When upgrading from BIND 9.6 to 9.9, you might encounter an unexpected behavior where your zone files appear as binary when transferred to slave servers. This typically happens after executing commands like:
cp -r /usr/local/sbin/* /usr/sbin/.
BIND 9.9 introduced a more efficient zone file storage format. The binary representation you're seeing is actually BIND's internal "raw" format, which occurs because:
- The zone file was loaded and saved in the new format
- Zone transfer defaults to raw format for efficiency
- The file permissions or copy operation triggered format conversion
Here are three methods to handle this:
Method 1: Force Text Transfer
Modify your slave server's named.conf:
zone "example.com" {
type slave;
masters { 192.0.2.1; };
file "db.example.com";
masterfile-format text; // Add this line
};
Method 2: Convert Existing File
Use named-compilezone to convert back to text:
named-compilezone -f raw -F text -o db.example.com.text example.com db.example.com
Method 3: Check File Operations
Verify your copy operation preserves file attributes:
rsync -a /usr/local/sbin/ /usr/sbin/
To avoid this during BIND upgrades:
# Before upgrade
rndc freeze example.com
cp db.example.com db.example.com.backup
named-compilezone -f text -F text example.com db.example.com > db.example.com.text
# Proceed with upgrade
Use these commands to inspect files:
file db.example.com
strings db.example.com | head
ls -la db.example.com
Remember that binary zone files are valid - they load faster and use less disk space.

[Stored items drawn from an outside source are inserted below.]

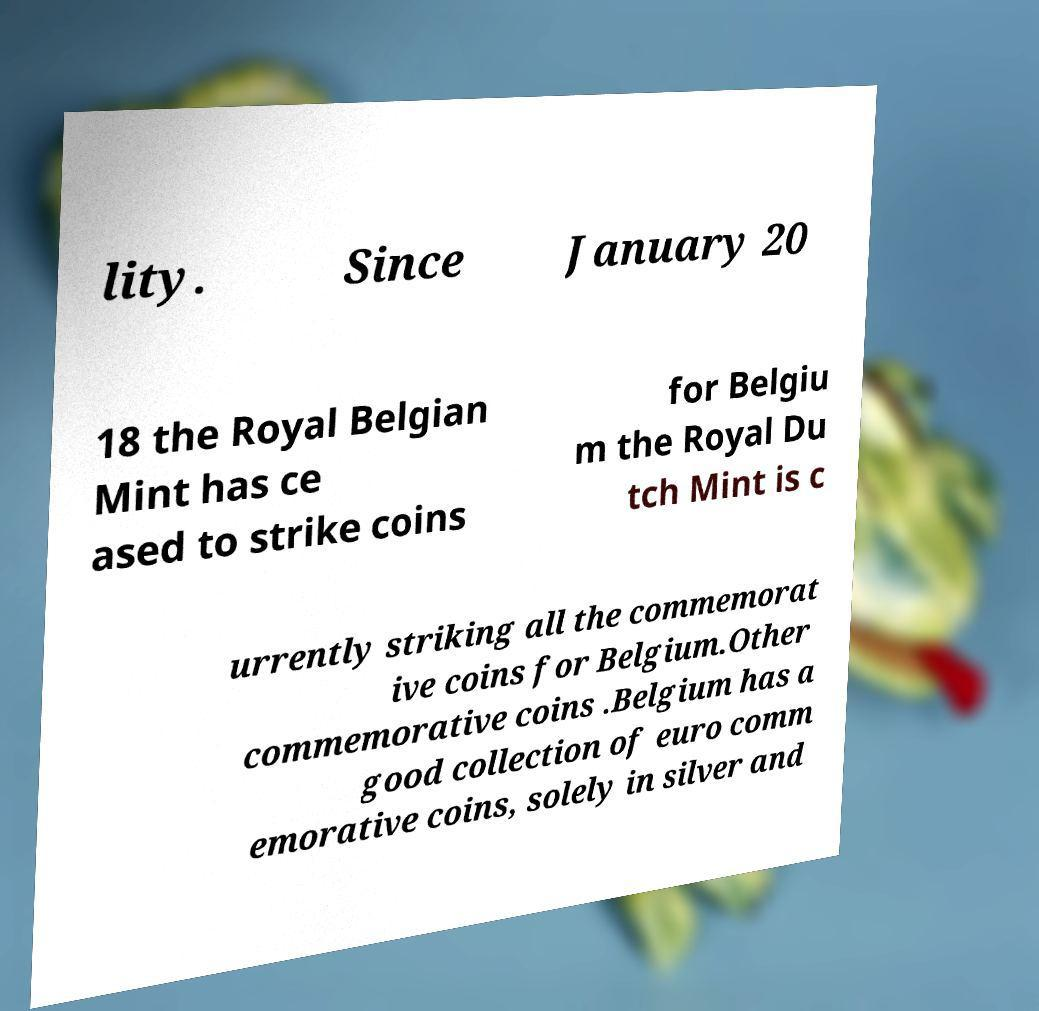Could you extract and type out the text from this image? lity. Since January 20 18 the Royal Belgian Mint has ce ased to strike coins for Belgiu m the Royal Du tch Mint is c urrently striking all the commemorat ive coins for Belgium.Other commemorative coins .Belgium has a good collection of euro comm emorative coins, solely in silver and 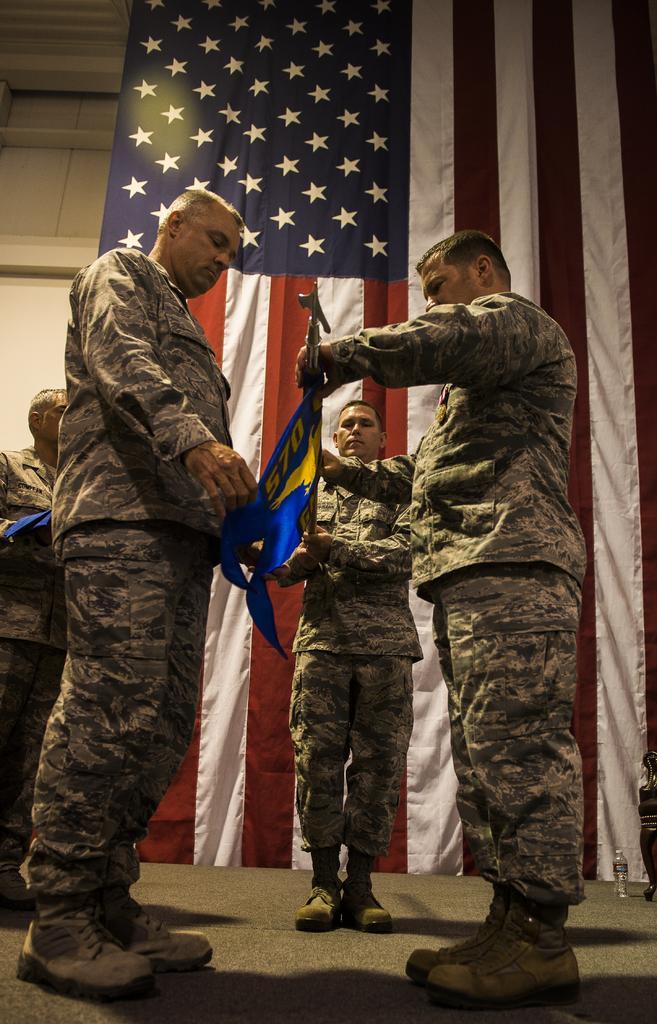How would you summarize this image in a sentence or two? In this picture we can see there are four people standing on the path and the two people are holding an item. Behind the people there is a united states flag and a wall. 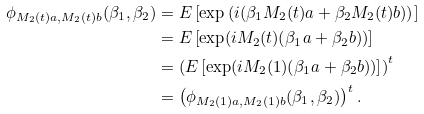<formula> <loc_0><loc_0><loc_500><loc_500>\phi _ { M _ { 2 } ( t ) a , M _ { 2 } ( t ) b } ( \beta _ { 1 } , \beta _ { 2 } ) & = E \left [ \exp \left ( i ( \beta _ { 1 } M _ { 2 } ( t ) a + \beta _ { 2 } M _ { 2 } ( t ) b ) \right ) \right ] \\ & = E \left [ \exp ( i M _ { 2 } ( t ) ( \beta _ { 1 } a + \beta _ { 2 } b ) ) \right ] \\ & = \left ( E \left [ \exp ( i M _ { 2 } ( 1 ) ( \beta _ { 1 } a + \beta _ { 2 } b ) ) \right ] \right ) ^ { t } \\ & = \left ( \phi _ { M _ { 2 } ( 1 ) a , M _ { 2 } ( 1 ) b } ( \beta _ { 1 } , \beta _ { 2 } ) \right ) ^ { t } .</formula>

The text format is primarily for human readability.
When upgrading from BIND 9.6 to BIND 9.9, you might encounter an issue where zone files appear as binary when viewed with text editors like less
. This typically happens after copying files between directories during the upgrade process.
> less db.example.com
"db.example.com" may be a binary file. See it anyway?
BIND 9.9 introduced a more efficient zone file format for slave servers. When transferring zone files between master and slave servers, BIND may:
- Compress the zone file for faster transfers
- Use a binary format for better performance
- Store additional metadata not present in plain text format
To convert the binary zone file back to human-readable format, use BIND's named-compilezone
utility:
named-compilezone -f raw -F text -o db.example.com.text example.com db.example.com
This command will:
-f raw
: Use raw input format-F text
-o
: Specify output file
To avoid this issue when upgrading BIND versions:
# Instead of copying all files:
cp /usr/local/sbin/named /usr/sbin/named
cp /usr/local/sbin/rndc /usr/sbin/rndc
# Leave other files in their original locations
Or better yet, use your package manager:
# For Debian/Ubuntu:
apt-get install bind9
# For RHEL/CentOS:
yum install bind
After conversion, always verify your zone files:
named-checkzone example.com db.example.com.text
This ensures your DNS records maintain proper formatting and syntax.
If you prefer working with binary zone files for performance reasons, you can manage them via rndc:
rndc reload example.com
This will reload the zone without converting it to text format.